Records contained in a dataset:
§
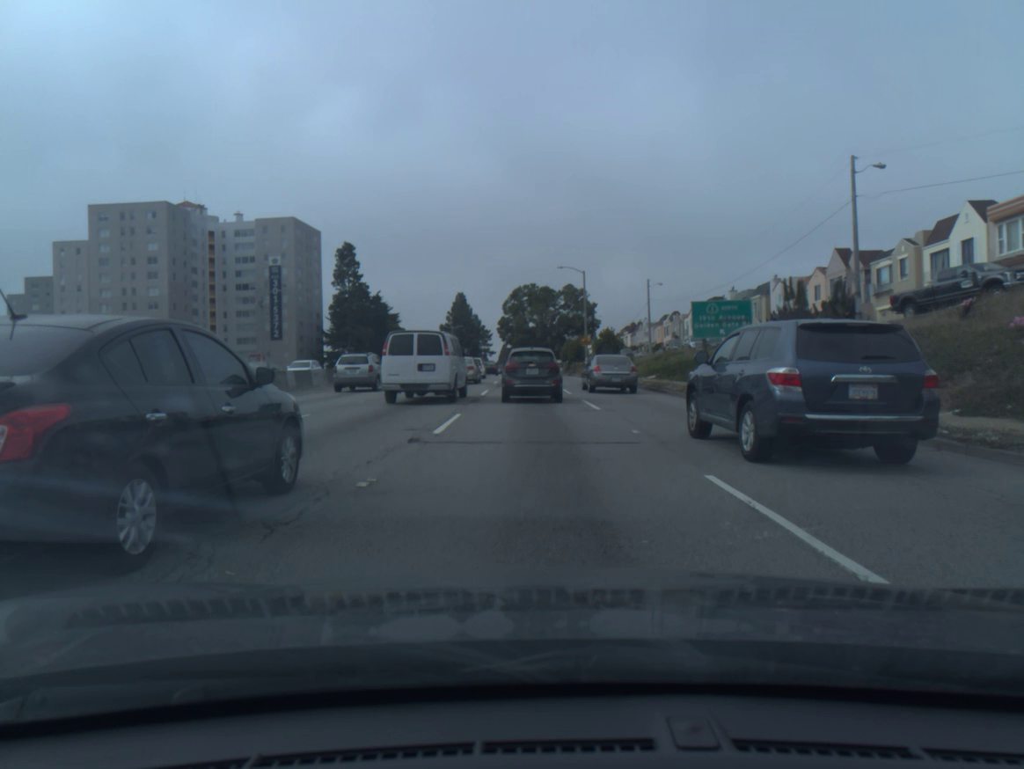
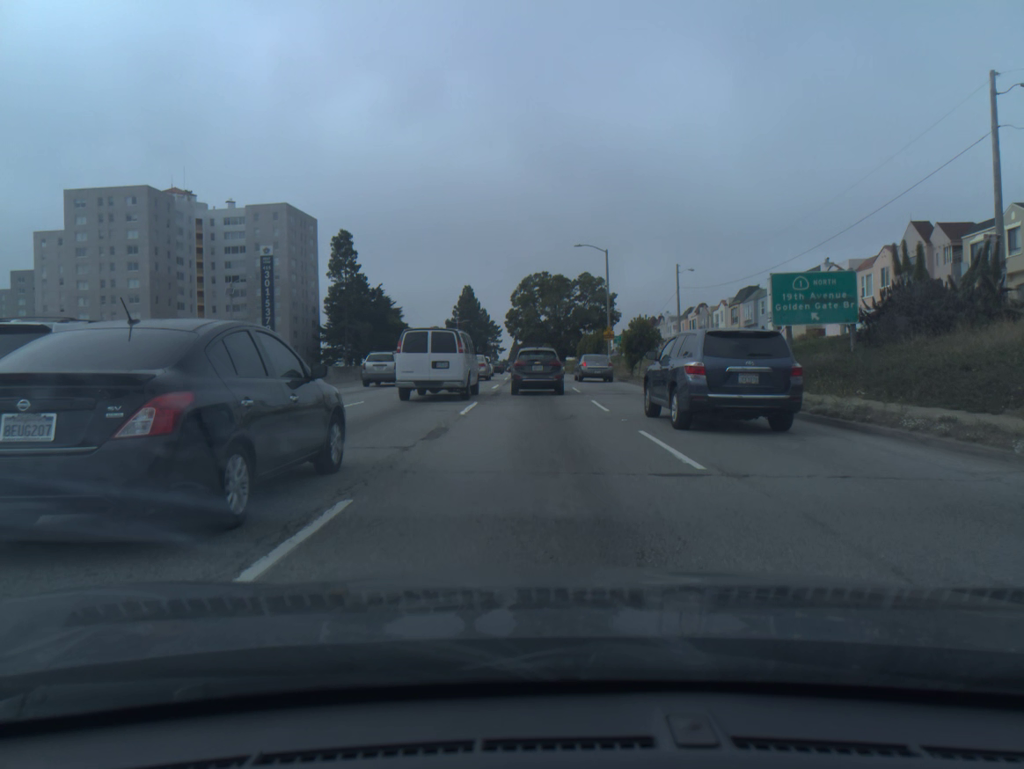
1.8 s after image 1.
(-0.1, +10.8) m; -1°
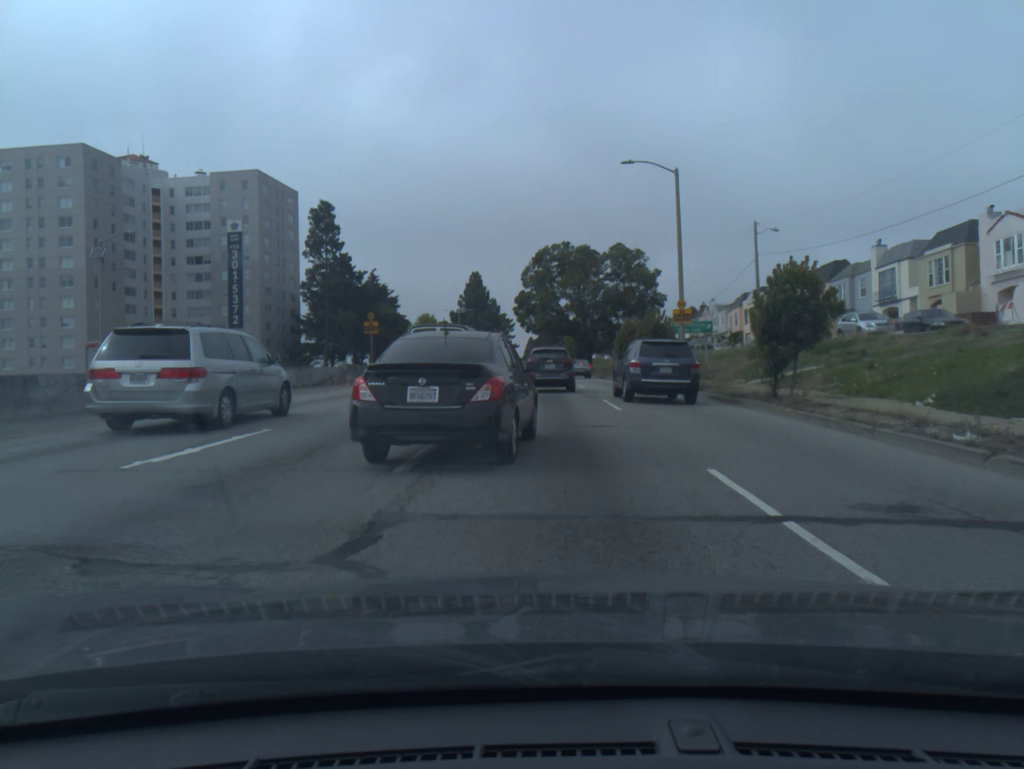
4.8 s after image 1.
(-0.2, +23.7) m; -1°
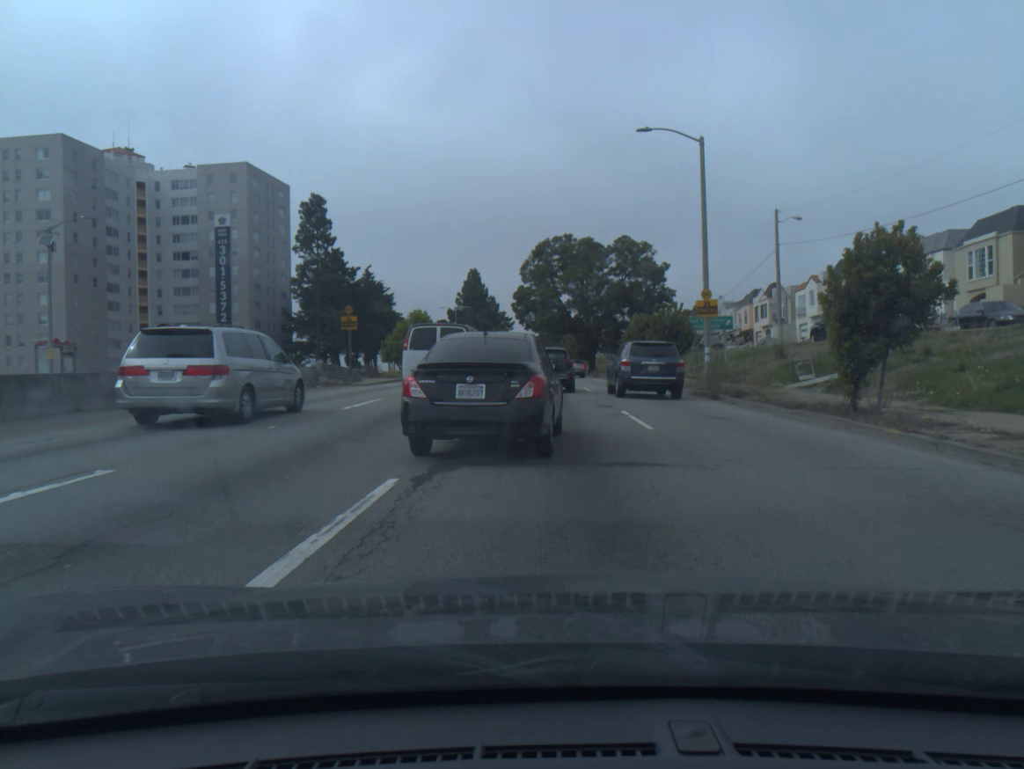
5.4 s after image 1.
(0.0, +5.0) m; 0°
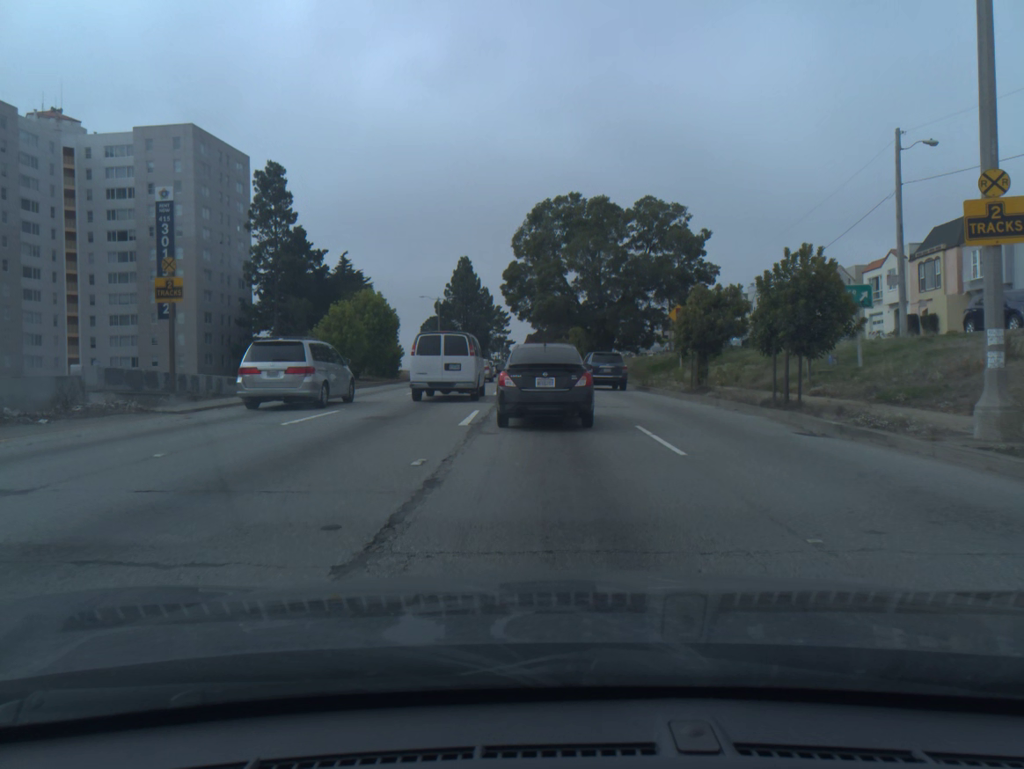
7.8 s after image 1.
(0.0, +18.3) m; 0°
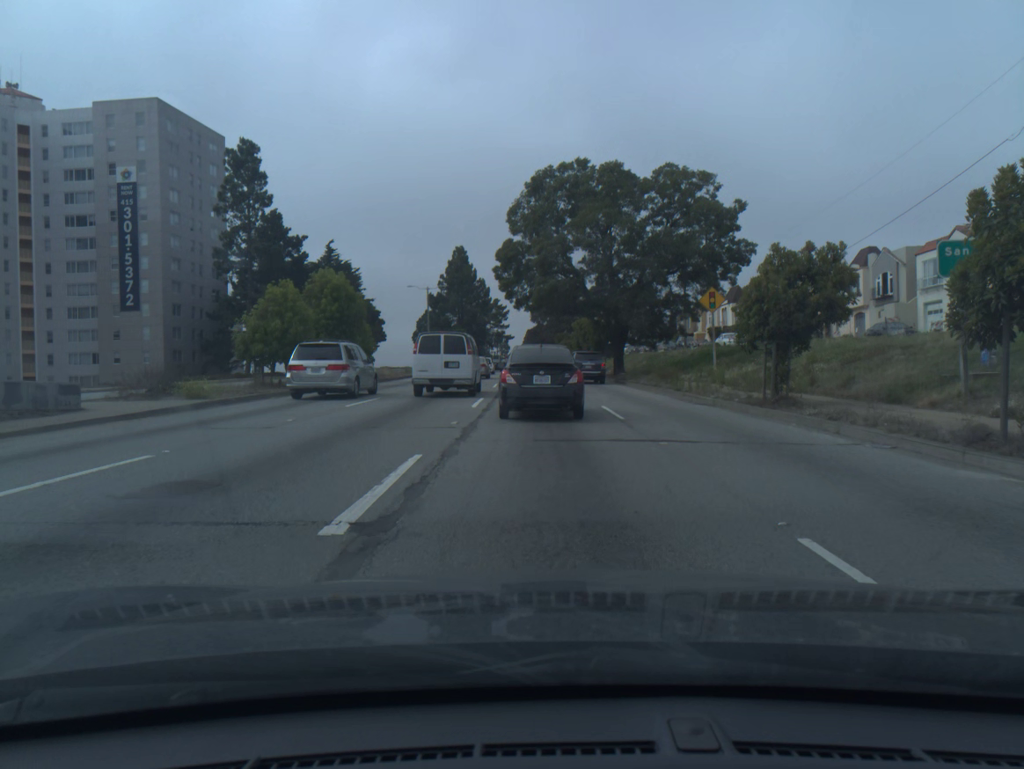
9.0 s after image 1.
§
> Instructions to follow
Reproduce exactly, and only, the part of the entries above that runs from the line with "5.4 s after image 1." to the last line, both included. Pictures stay out.

> Response to this task
5.4 s after image 1.
(0.0, +5.0) m; 0°
7.8 s after image 1.
(0.0, +18.3) m; 0°
9.0 s after image 1.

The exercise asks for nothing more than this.